• _Assigned task_: In the records below, repeat exactly the lines between the line holding "7) string lights box (545,536,719,539)" and the line holding "Every object in", inclusive, and drop the pictures.

>>>>

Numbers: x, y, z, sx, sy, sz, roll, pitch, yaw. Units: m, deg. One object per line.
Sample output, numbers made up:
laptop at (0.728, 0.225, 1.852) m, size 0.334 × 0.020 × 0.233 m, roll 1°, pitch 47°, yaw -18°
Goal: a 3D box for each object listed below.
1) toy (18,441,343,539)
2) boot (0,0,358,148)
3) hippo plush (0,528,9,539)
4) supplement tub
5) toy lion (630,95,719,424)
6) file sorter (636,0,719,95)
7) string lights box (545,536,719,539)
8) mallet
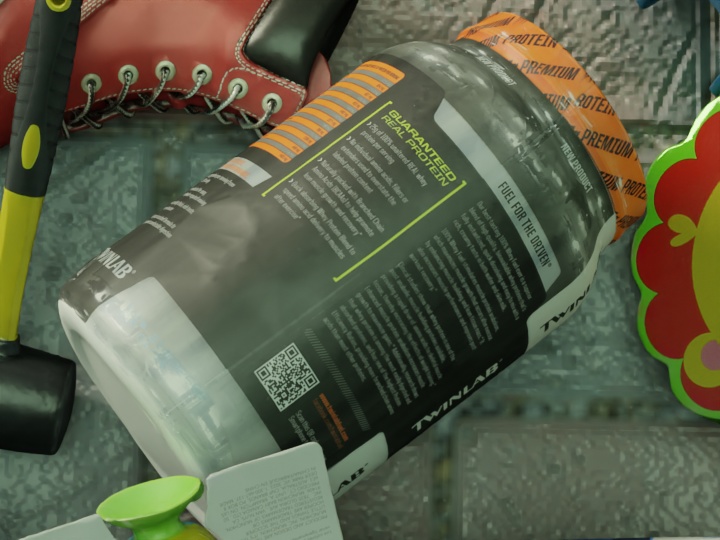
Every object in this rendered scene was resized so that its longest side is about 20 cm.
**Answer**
toy at (-0.049, 0.162, 0.706) m, size 0.115 × 0.047 × 0.201 m, roll -17°, pitch 108°, yaw -14°
boot at (-0.094, -0.067, 0.804) m, size 0.144 × 0.072 × 0.200 m, roll 40°, pitch 79°, yaw 3°
hippo plush at (-0.181, 0.181, 0.740) m, size 0.160 × 0.200 × 0.160 m, roll -28°, pitch 70°, yaw 20°
supplement tub at (0.000, 0.000, 0.762) m, size 0.200 × 0.123 × 0.123 m, roll -36°, pitch 84°, yaw -12°
toy lion at (0.200, -0.024, 0.774) m, size 0.191 × 0.069 × 0.201 m, roll 20°, pitch 89°, yaw 32°
file sorter at (0.132, -0.187, 0.797) m, size 0.139 × 0.123 × 0.200 m, roll -39°, pitch 84°, yaw -6°
string lights box at (0.042, 0.152, 0.763) m, size 0.199 × 0.059 × 0.103 m, roll -4°, pitch 82°, yaw 9°
mallet at (-0.116, -0.020, 0.769) m, size 0.066 × 0.041 × 0.201 m, roll 19°, pitch 112°, yaw -7°

<<<<

• _Output of the task_:
7) string lights box (545,536,719,539)
8) mallet
Every object in this rendered scene was resized so that its longest side is about 20 cm.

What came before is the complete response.